Theory of Light and Color
17. Color Mixing (Part 3) Average Color Mixing
As mentioned in Chapter 15, there is a third type of color mixing called average color mixing, which is classified under additive color mixing (additive-average color mixing).
What makes additive color mixing "additive" is that the resulting color is brighter than the individual colors (more energy). For average color mixing, the brightness is the intermediate of the mixed colors (weighted average). In a broad mathematical sense, the weighted average is additive, so average color mixing is classified within additive color mixing.
Average color mixing occurs due to temporal or spatial conditions:
Temporal Average Color Mixing (Rotating Color Mixing)
A spinning toy top with multiple colors is an example of temporal average color mixing. For instance, a black and white top looks gray. Similarly, a yellow and red top makes orange. Moreover, the color changes according to the area ratio of each color.

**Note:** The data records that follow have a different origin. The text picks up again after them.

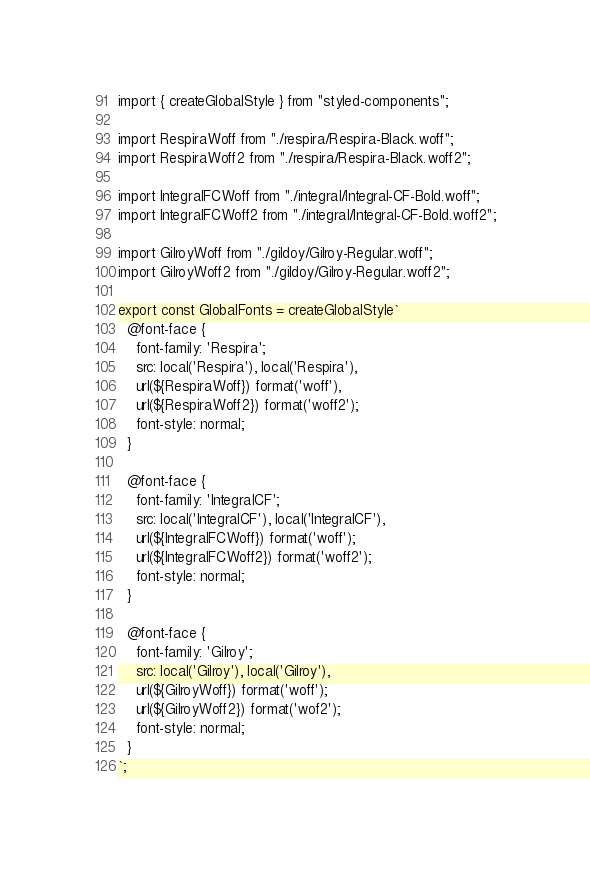<code> <loc_0><loc_0><loc_500><loc_500><_JavaScript_>import { createGlobalStyle } from "styled-components";

import RespiraWoff from "./respira/Respira-Black.woff";
import RespiraWoff2 from "./respira/Respira-Black.woff2";

import IntegralFCWoff from "./integral/Integral-CF-Bold.woff";
import IntegralFCWoff2 from "./integral/Integral-CF-Bold.woff2";

import GilroyWoff from "./gildoy/Gilroy-Regular.woff";
import GilroyWoff2 from "./gildoy/Gilroy-Regular.woff2";

export const GlobalFonts = createGlobalStyle`
  @font-face {
    font-family: 'Respira';
    src: local('Respira'), local('Respira'),
    url(${RespiraWoff}) format('woff'),
    url(${RespiraWoff2}) format('woff2');
    font-style: normal;
  }

  @font-face {
    font-family: 'IntegralCF';
    src: local('IntegralCF'), local('IntegralCF'),
    url(${IntegralFCWoff}) format('woff');
    url(${IntegralFCWoff2}) format('woff2');
    font-style: normal;
  }

  @font-face {
    font-family: 'Gilroy';
    src: local('Gilroy'), local('Gilroy'),
    url(${GilroyWoff}) format('woff');
    url(${GilroyWoff2}) format('wof2');
    font-style: normal;
  }
`;
</code> 
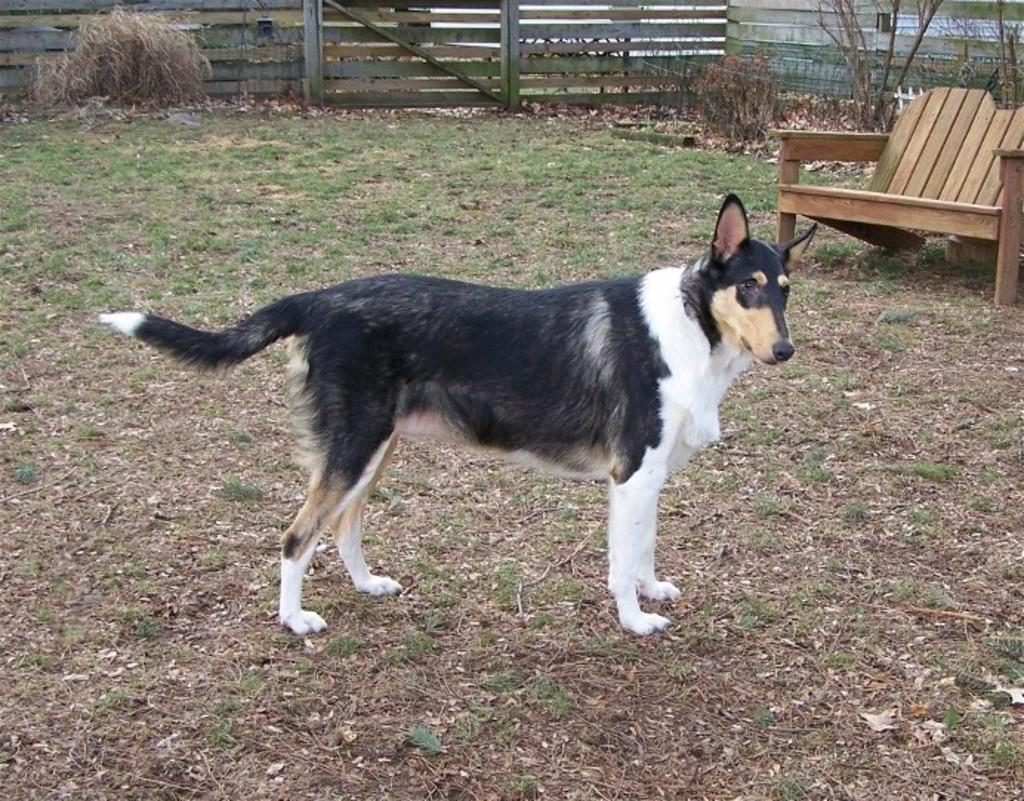What animal can be seen in the image? There is a dog in the image. What is the dog's position in relation to the ground? The dog is standing on the ground. What object is located beside the dog? There is a bench beside the dog. What is present at the back of the scene? There is a fencing at the back of the scene. What type of paste is being used by the family in the image? There is no family or paste present in the image; it features a dog standing on the ground with a bench beside it and fencing at the back. 
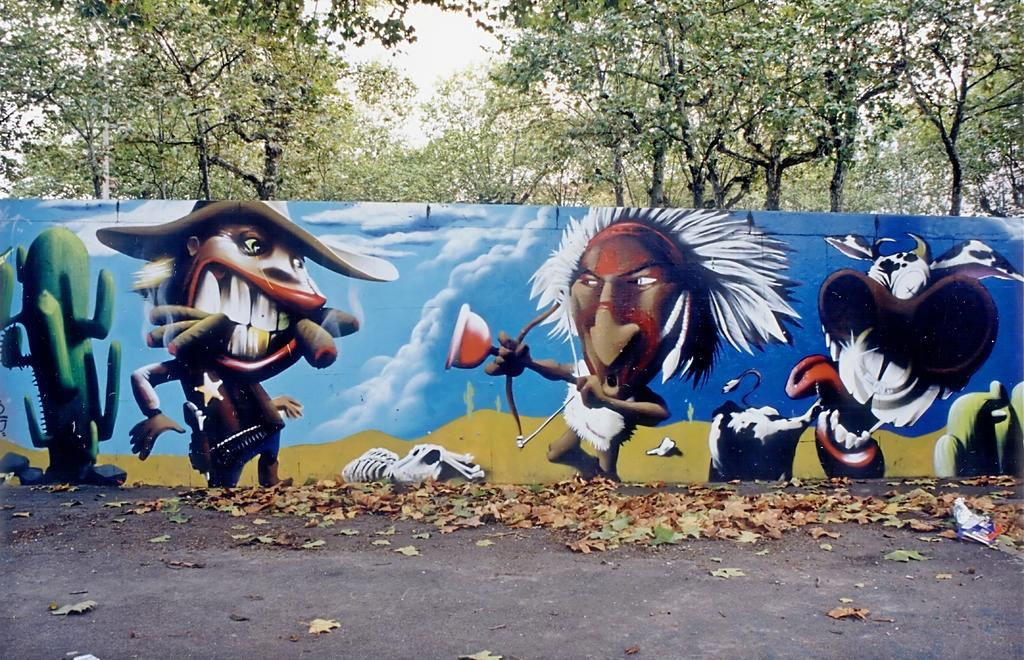What can be seen on the ground in the image? There are dried leaves on the ground in the image. What is hanging on the wall in the image? There is a painting on the wall in the image. What type of vegetation is visible in the image? There are trees visible in the image. What is visible in the background of the image? The sky is visible in the background of the image. What time is the hospital visit scheduled for in the image? There is no mention of a hospital or a scheduled visit in the image. What type of loss is depicted in the image? There is no depiction of loss in the image; it features dried leaves on the ground, a painting on the wall, trees, and the sky. 
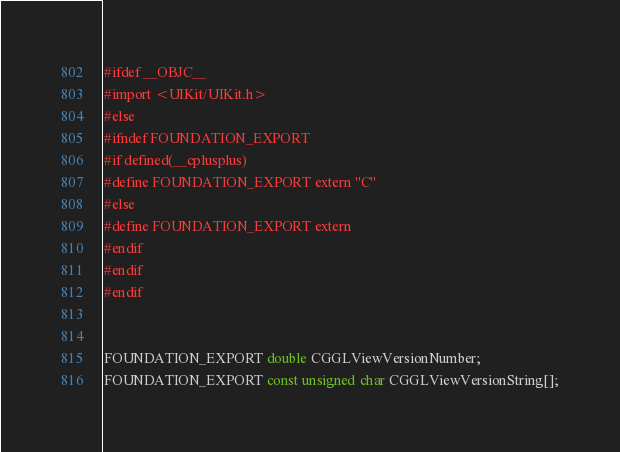<code> <loc_0><loc_0><loc_500><loc_500><_C_>#ifdef __OBJC__
#import <UIKit/UIKit.h>
#else
#ifndef FOUNDATION_EXPORT
#if defined(__cplusplus)
#define FOUNDATION_EXPORT extern "C"
#else
#define FOUNDATION_EXPORT extern
#endif
#endif
#endif


FOUNDATION_EXPORT double CGGLViewVersionNumber;
FOUNDATION_EXPORT const unsigned char CGGLViewVersionString[];

</code>

When looking at the spinning top from a specific cone cell, light from each color area will alternate. If the rotation speed is slow, humans can recognize that each color is rotating. As the speed increases, the response time of the cone cells cannot keep up and perceives the average color.
The diagram on the right shows the change in incident light to a specific cone cell and its response. Red light and green light alternately enter in a step function. The physiological response speeds of the L- and M-cones are slow. Thus, the brain recognizes the red and green light as if they were incident at the same time, perceives yellow as an intermediate color, and the brightness felt is the average of the red and green.
Spatial Average Color Mixing
Consider the red and yellow check pattern shown on the right. When the pattern is larger, the red and yellow areas are distinct even when adjacent. When the size of adjacent colors exceeds the position resolution determined by the distribution of cone cells on the retina, the eye perceives an average color rather than individual colors. Thus, the red and yellow look orange when the pattern becomes small.
(Ⅰ) Example 1: Television and Computers
TV and computer screens have pixels of blue, green, and red. In blue areas, only blue pixels are shining. Similarly, only green pixels shine in the green areas, and only red pixels shine in the red areas.
Moreover, the green and red pixels shine in yellow areas, and the blue pixels do not emit light (Y=G+R). In magenta areas, only red and blue pixels light up (M=R+B). The blue and green pixels turn on in cyan areas (C=B+G). All three colors light up in white areas (W=B+G+R). Different colors can be created by changing the emission intensity ratio of each pixel (B, G, R).
(Ⅱ) Example 2: Textiles
Fabrics that are woven with threads of different colors are perceived as the average mixture of the two colors when viewed at a distance.
(Ⅲ) Example 3: Pointillist Painting
The painting technique known as pointillism, is an application of spatial color mixing. Color dots of various densities and colors are combined to create average colors over the entire painting.
Combining Color Mixing Methods: Gravure Printing
When looking at a gravure print with a magnifying glass, you can see fine color dots printed in CMYK, known as halftone dots. Subtractive color mixing occurs where halftone dots overlap.
Dots colors created by subtractive color mixing are perceived as another color in the final print due to spatial average color mixing.
Physical Color Mixing and Physiological Color Mixing
In subtractive and additive color mixing, the process of color mixing is physical: color is mixed outside the eye. Average color mixing is physiological: individual color lights enter the eye physically, but they are mixed psychologically because temporal and spatial conditions exceed the responsivity of the eye.